On Wednesday 10 Nov 2021 at 11:09:40 (+0000), Mark Rutland wrote:
> Hi,
>
> On Tue, Nov 09, 2021 at 07:02:21PM +0000, Quentin Perret wrote:
> > On Tuesday 09 Nov 2021 at 19:09:21 (+0100), Ard Biesheuvel wrote:
> > > Android relies heavily on tracepoints for vendor hooks, and given the
> > > performance impact of CFI on indirect calls, there has been interest
> > > in enabling static calls to replace them.
>
> Hhmm.... what exactly is a "vendor hook" in this context, and what is it doing
> with a tracepoint? From an upstream perspective that sounds somewhat fishy
> usage.

Right, 'vendor hooks' are an ugly Android-specific hack that I hope we
will be able to get rid off overtime. And I don't think upstream should
care about any of this TBH. But it's not the only use-case in Android
for having modules attached to tracepoints, and the other is a bit more
relevant to upstream. So I'd day it makes sense to have that discussion
here.

Specifically, we've got a bunch of 'empty' tracepoints *upstream* in e.g.
the scheduler that don't have any trace events associated with them (see
the exported TPs at the top of kernel/sched/core.c for instance).
They're exported with no in-kernel user on purpose. The only reason they
exist is to allow people to attach modules to them, and do whatever they
need from there (collect stats, write to the trace buffer, ...). That
way the kernel doesn't commit to any userspace ABI, and the maintenance
burden falls on whoever maintains the module instead.

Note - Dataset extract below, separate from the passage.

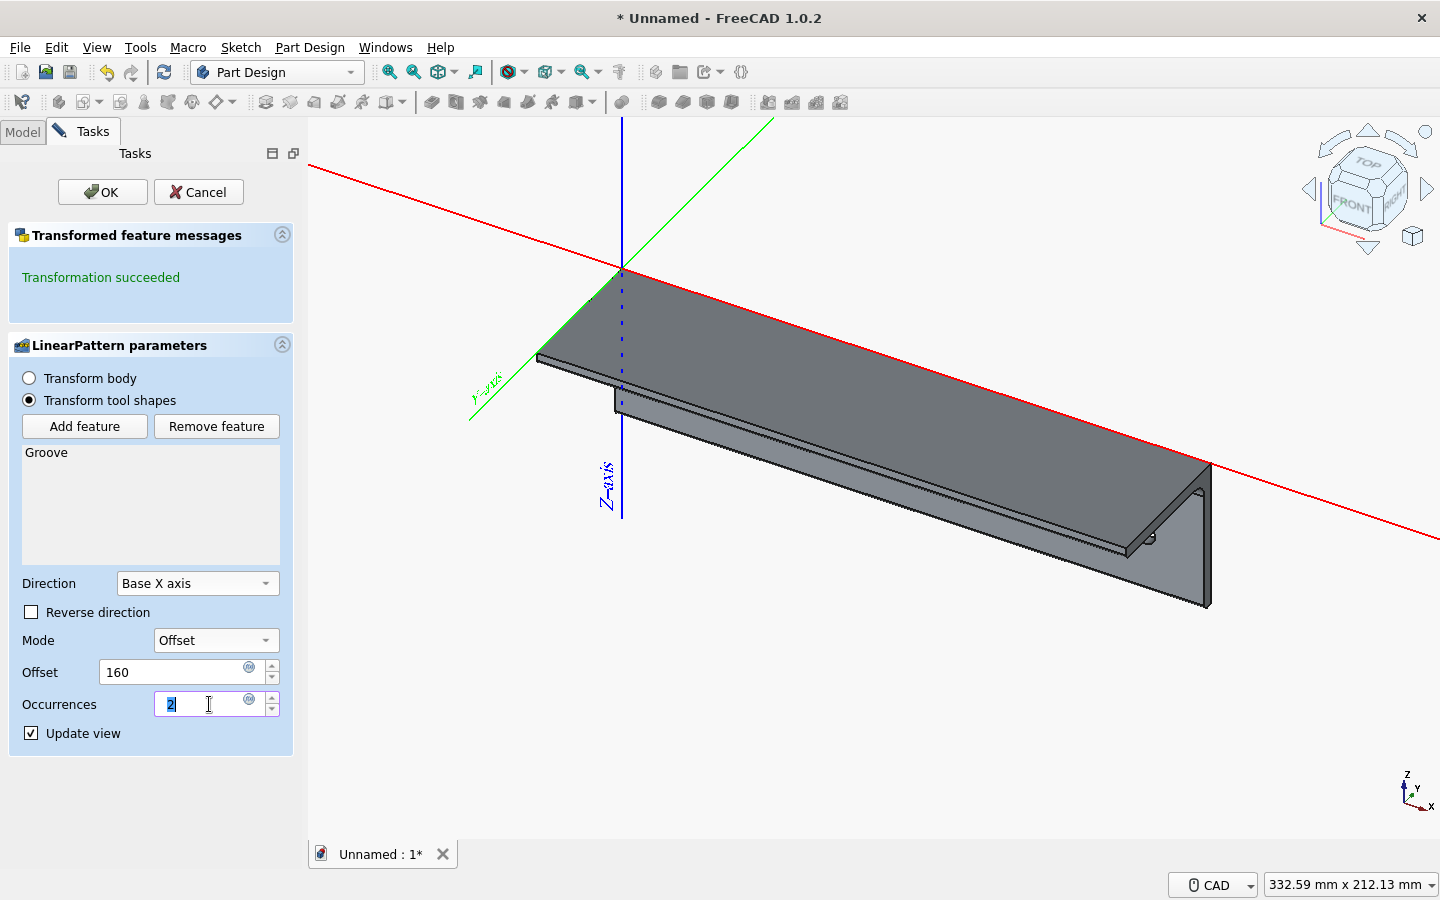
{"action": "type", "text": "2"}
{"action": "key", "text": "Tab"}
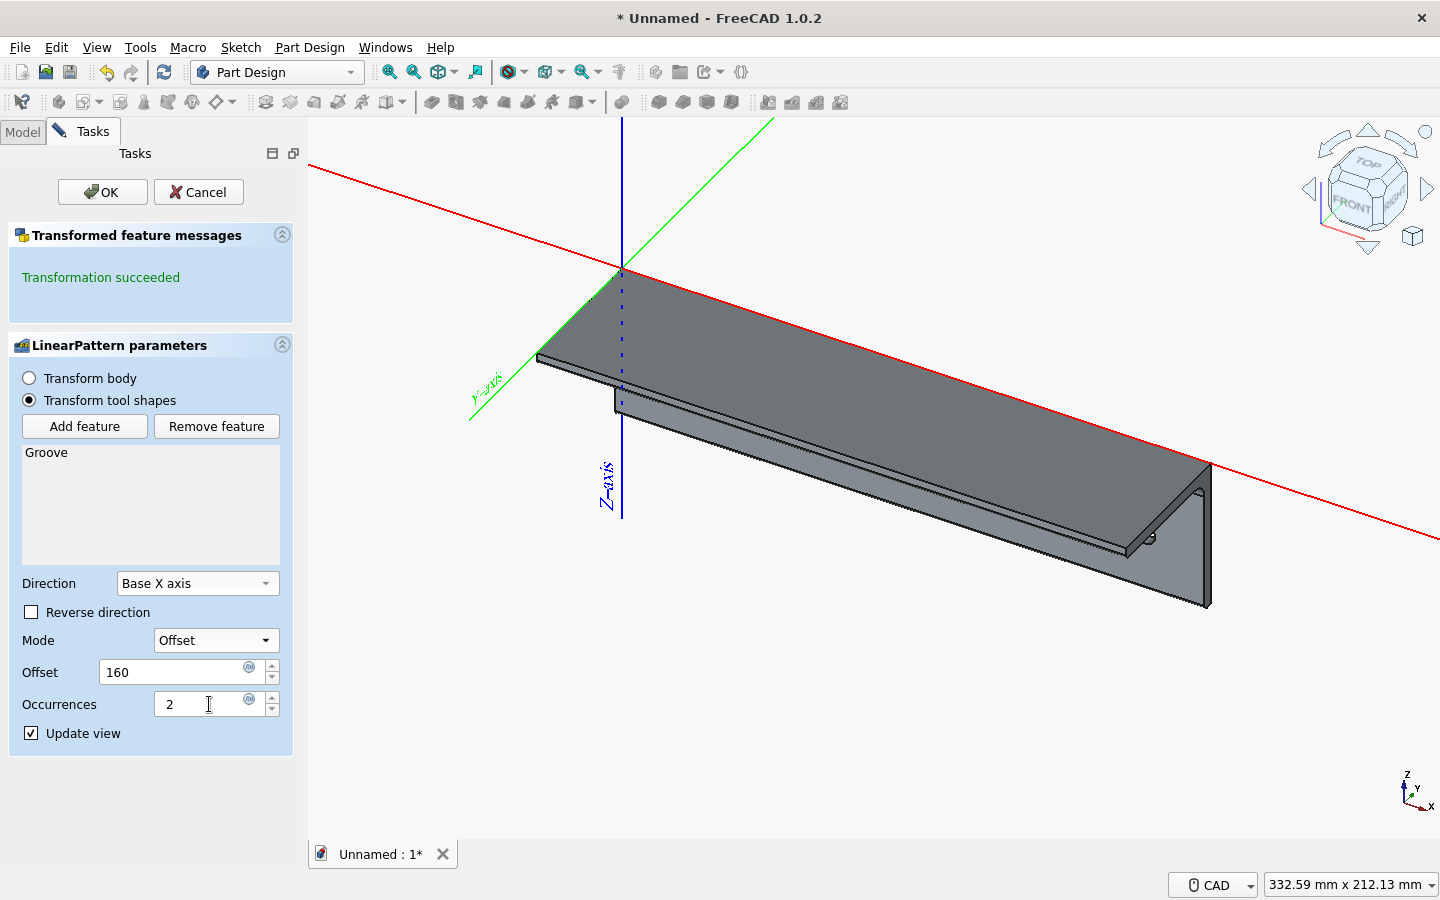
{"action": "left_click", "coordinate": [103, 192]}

But nowadays virtually every vendor/OEM in the Android world attaches to
those TPs, in production, to gather stats and whatnot. And given that
some of them are hooked in scheduler hot paths, we'd really like those
to be low overhead. I wouldn't be surprised if other distros get the
same issues at some point FWIW -- they all collect SCHED_DEBUG stats and
such.

>
> > > Quentin, anything to add here?
> >
> > Yes, Android should definitely benefit from static calls.
> >
> > Modules attaching to tracepoints cause a measurable overhead w/ CFI as
> > the jump target is a bit harder to verify if it is not in-kernel.
>
> Where does that additional overhead come from when the target is not in-kernel?
>
> I hope that I am wrong in understanding that __cfi_slowpath_diag() means we're
> always doing an out-of-line check when calling into a module?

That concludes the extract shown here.